[Aim of the task]:
All lines from the start of the listing below through the line containing "10. phase margin" are to be written out again exactly, and no others.

◇ ◇ ◇ ◇ ◇ ◇ ◇

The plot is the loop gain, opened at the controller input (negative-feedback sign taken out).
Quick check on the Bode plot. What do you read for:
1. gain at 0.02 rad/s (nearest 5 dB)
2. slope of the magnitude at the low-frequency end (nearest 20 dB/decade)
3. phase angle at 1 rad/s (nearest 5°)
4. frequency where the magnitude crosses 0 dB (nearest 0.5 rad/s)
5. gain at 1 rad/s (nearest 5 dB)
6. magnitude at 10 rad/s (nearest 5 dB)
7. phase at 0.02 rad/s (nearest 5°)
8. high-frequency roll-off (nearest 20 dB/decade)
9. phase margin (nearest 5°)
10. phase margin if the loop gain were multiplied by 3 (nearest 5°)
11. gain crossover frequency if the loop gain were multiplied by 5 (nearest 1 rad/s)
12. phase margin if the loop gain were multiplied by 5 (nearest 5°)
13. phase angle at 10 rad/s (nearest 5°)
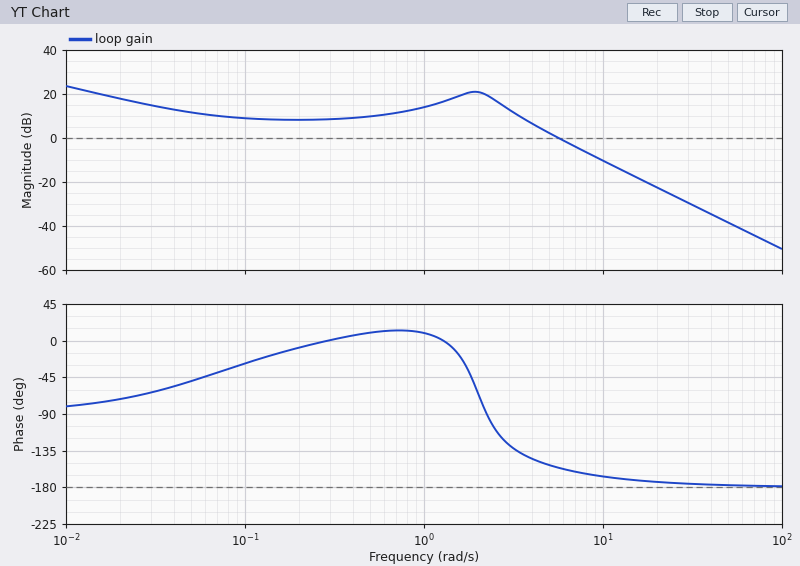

◇ ◇ ◇ ◇ ◇ ◇ ◇

[Written reply]:
The plot is the loop gain, opened at the controller input (negative-feedback sign taken out).
Quick check on the Bode plot. What do you read for:
1. gain at 0.02 rad/s (nearest 5 dB)
2. slope of the magnitude at the low-frequency end (nearest 20 dB/decade)
3. phase angle at 1 rad/s (nearest 5°)
4. frequency where the magnitude crosses 0 dB (nearest 0.5 rad/s)
5. gain at 1 rad/s (nearest 5 dB)
6. magnitude at 10 rad/s (nearest 5 dB)
7. phase at 0.02 rad/s (nearest 5°)
8. high-frequency roll-off (nearest 20 dB/decade)
9. phase margin (nearest 5°)
10. phase margin if the loop gain were multiplied by 3 (nearest 5°)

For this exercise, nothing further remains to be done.